┌─ TASK MATERIAL
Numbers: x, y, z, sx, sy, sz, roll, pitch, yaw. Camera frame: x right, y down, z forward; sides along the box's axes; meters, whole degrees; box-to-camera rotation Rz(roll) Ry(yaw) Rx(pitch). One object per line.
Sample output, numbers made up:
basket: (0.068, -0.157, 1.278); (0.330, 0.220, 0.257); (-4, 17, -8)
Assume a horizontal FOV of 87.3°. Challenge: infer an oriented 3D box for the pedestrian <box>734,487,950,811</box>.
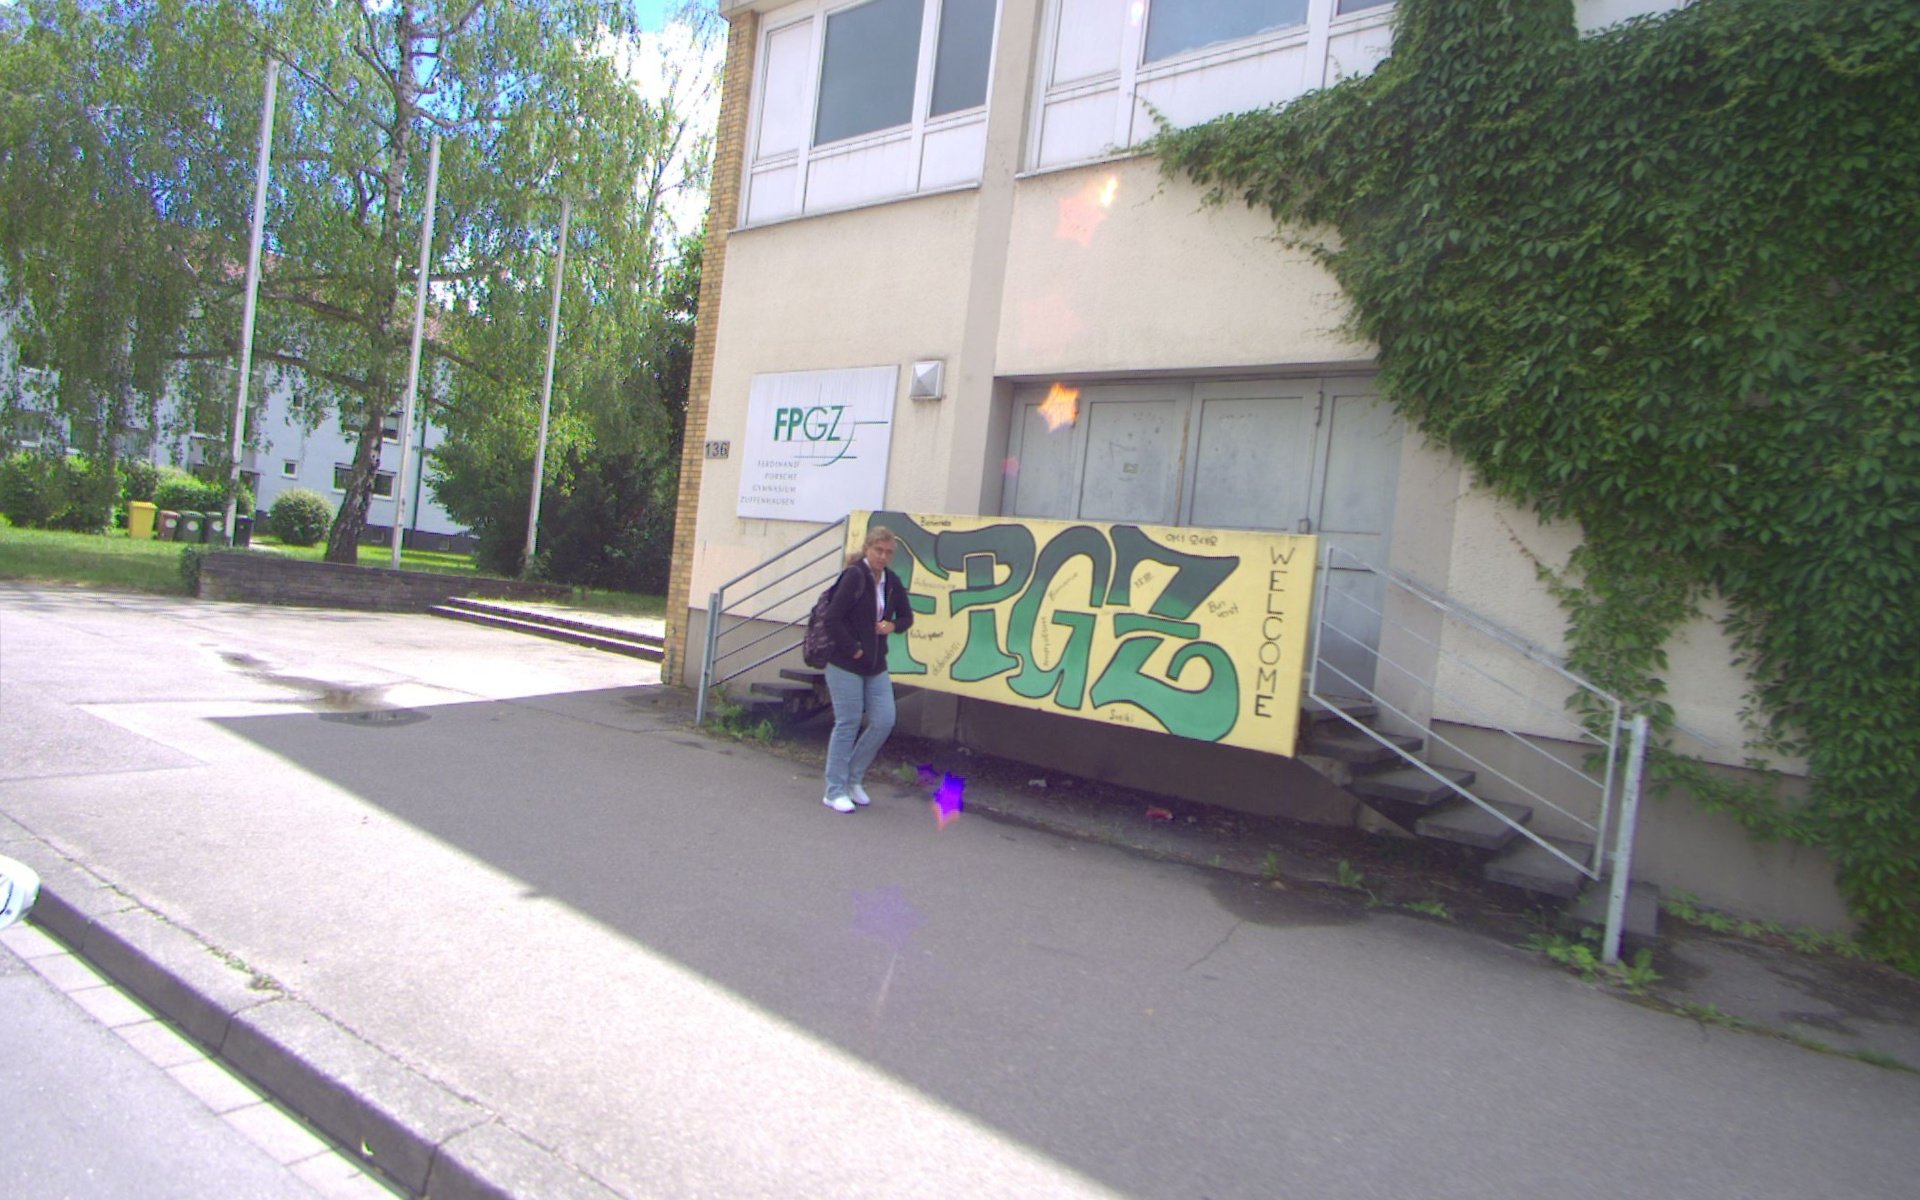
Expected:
pedestrian: (-0.717, 0.273, 6.117); (0.805, 1.794, 0.808); (7, 2, 41)
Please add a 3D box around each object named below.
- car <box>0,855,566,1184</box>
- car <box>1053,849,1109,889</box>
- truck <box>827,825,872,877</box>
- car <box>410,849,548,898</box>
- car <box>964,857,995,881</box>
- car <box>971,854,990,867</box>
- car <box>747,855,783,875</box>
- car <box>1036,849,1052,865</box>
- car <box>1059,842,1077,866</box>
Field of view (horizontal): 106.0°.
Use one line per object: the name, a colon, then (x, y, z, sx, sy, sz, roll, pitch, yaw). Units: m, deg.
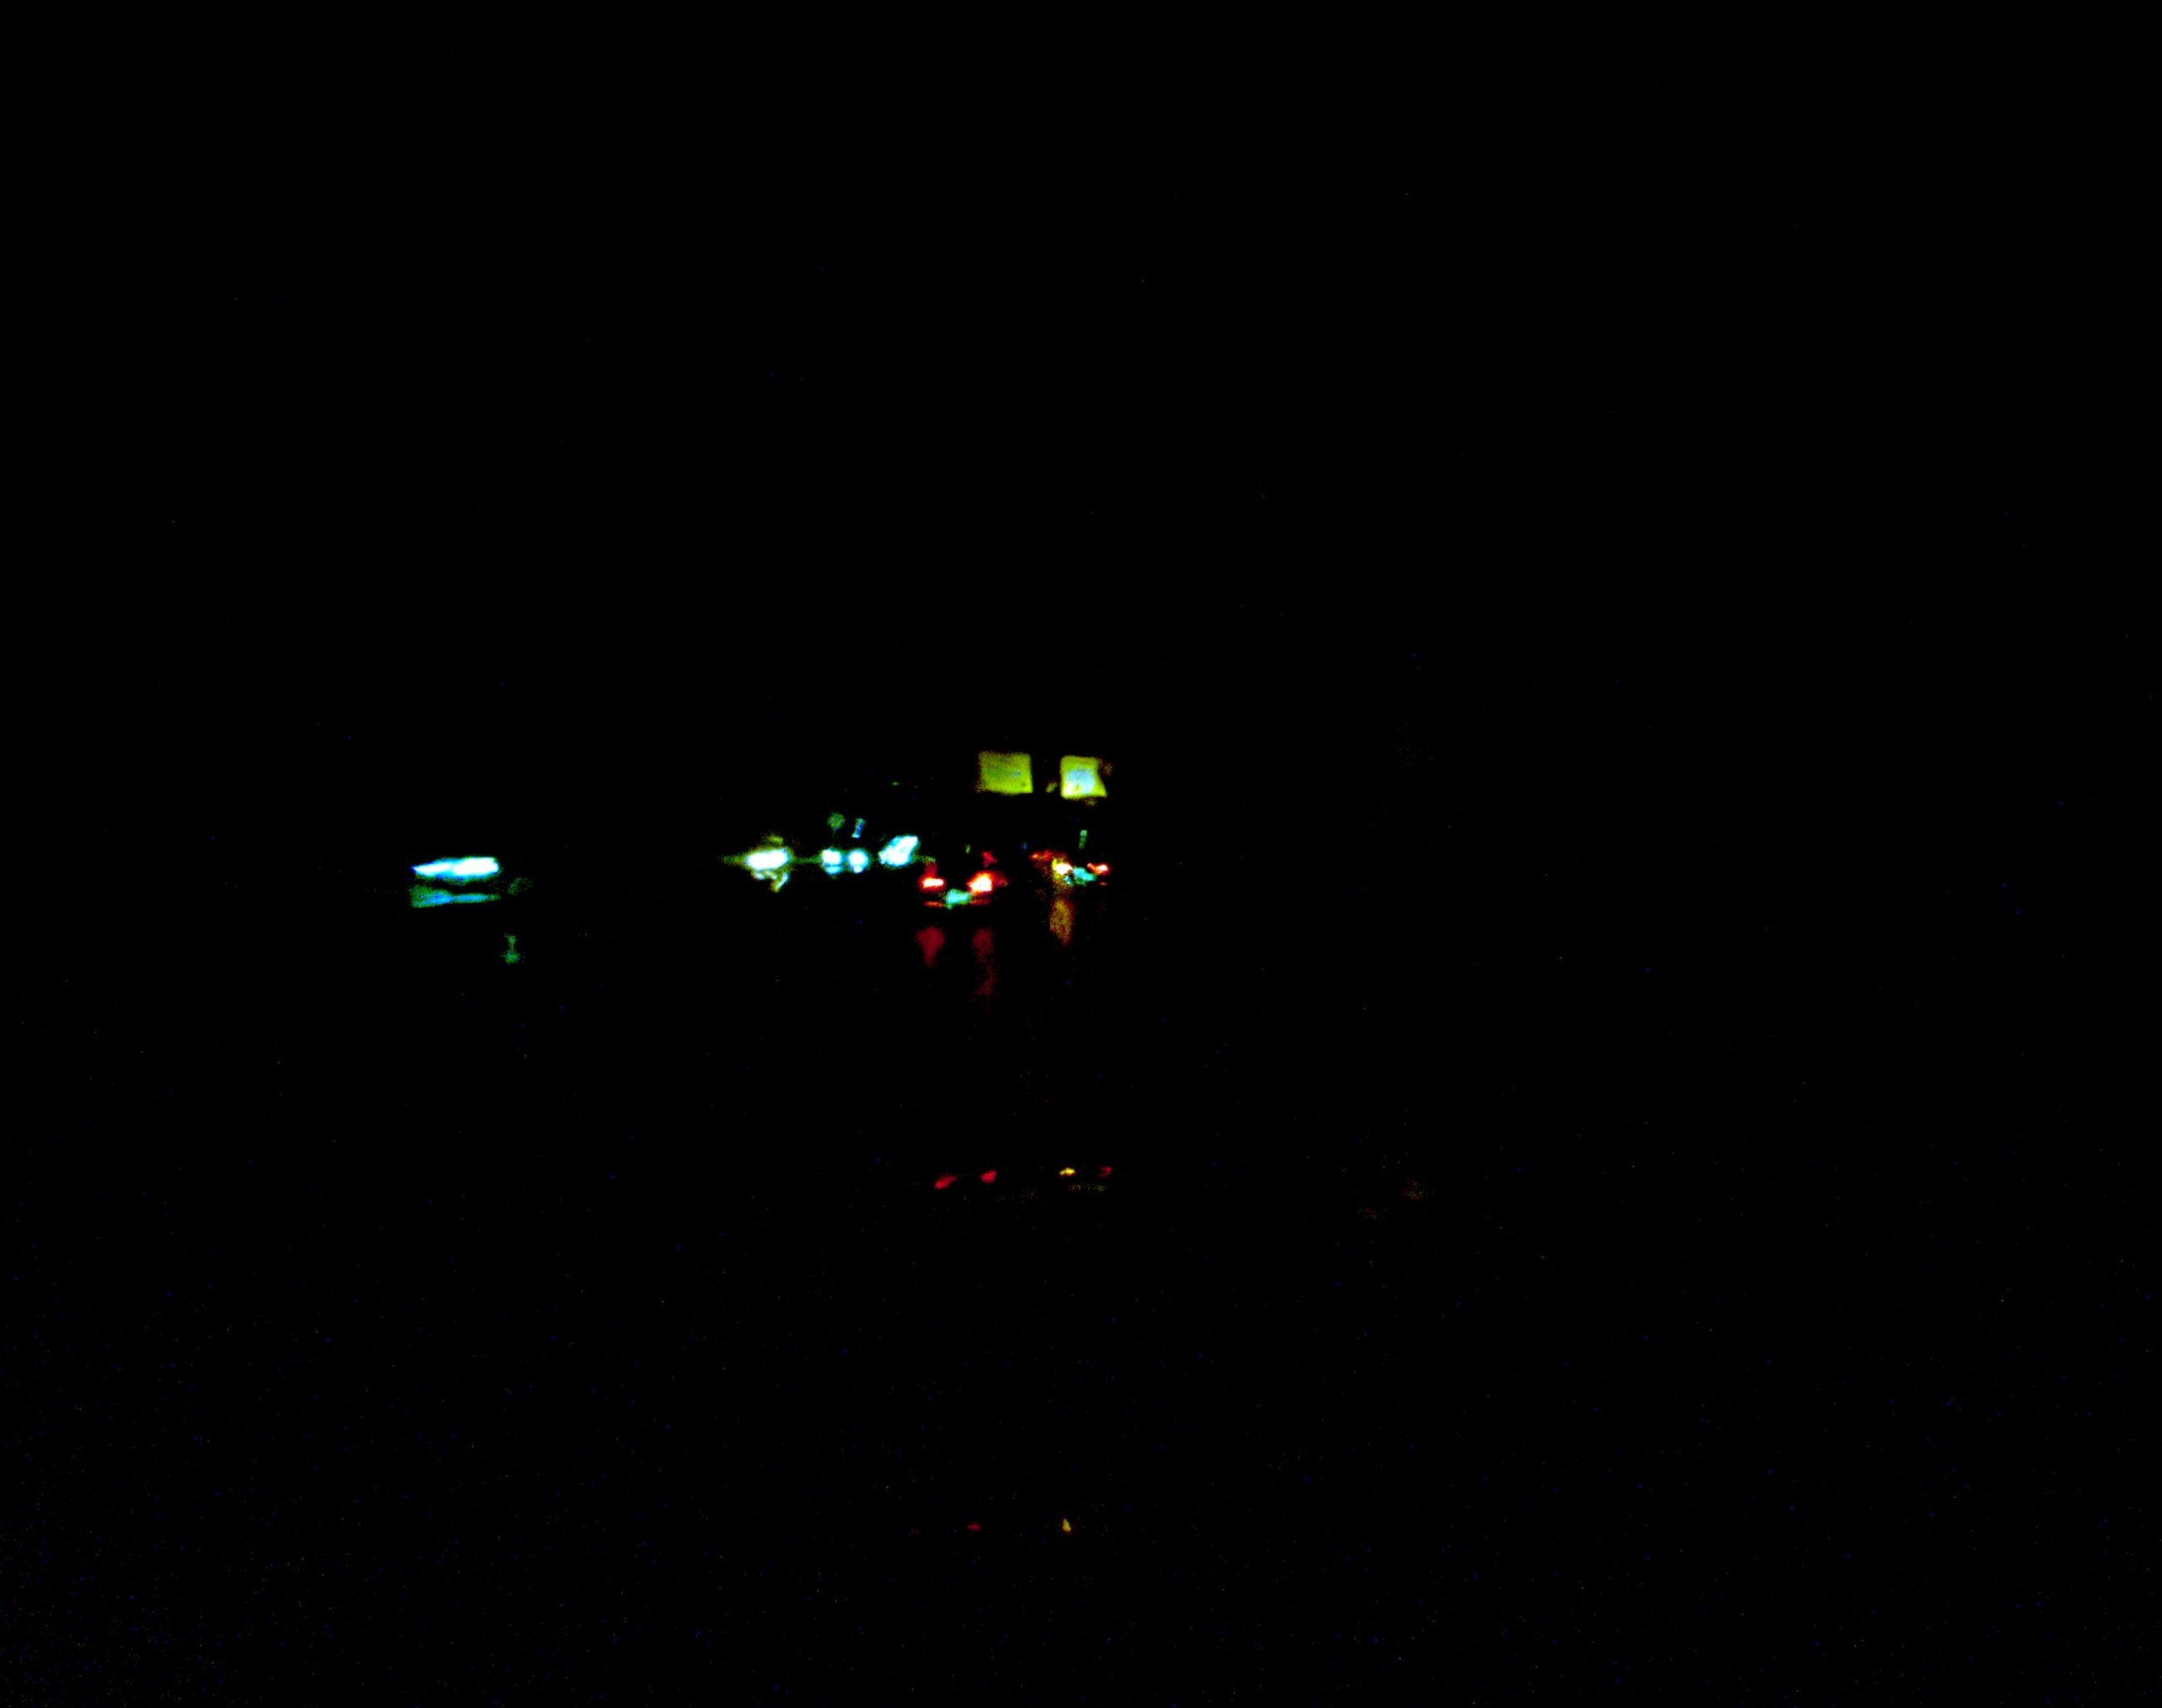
└─
> **TASK BRIEF**:
Give the data back exactly, omitting all pictures.

> **EXERCISE OUTPUT**:
Numbers: x, y, z, sx, sy, sz, roll, pitch, yaw. Camera frame: x right, y down, z forward; sides along the box's axes; meters, whole degrees; box-to-camera rotation Rz(roll) Ry(yaw) Rx(pitch). One object per line.
Sample output, numbers made up:
basket: (0.068, -0.157, 1.278); (0.330, 0.220, 0.257); (-4, 17, -8)
Assume a horizontal FOV of 87.3°. Challenge: infer an oriented 3D box for the pedestrian <box>734,487,950,811</box>.
Expected:
pedestrian: (-0.717, 0.273, 6.117); (0.805, 1.794, 0.808); (7, 2, 41)
Please add a 3D box around each object named below.
- car <box>0,855,566,1184</box>
- car <box>1053,849,1109,889</box>
- truck <box>827,825,872,877</box>
- car <box>410,849,548,898</box>
- car <box>964,857,995,881</box>
- car <box>971,854,990,867</box>
- car <box>747,855,783,875</box>
- car <box>1036,849,1052,865</box>
- car <box>1059,842,1077,866</box>
Field of view (horizontal): 106.0°.
Use one line per object: the name, a colon, then (x, y, z, sx, sy, sz, roll, pitch, yaw). Units: m, deg.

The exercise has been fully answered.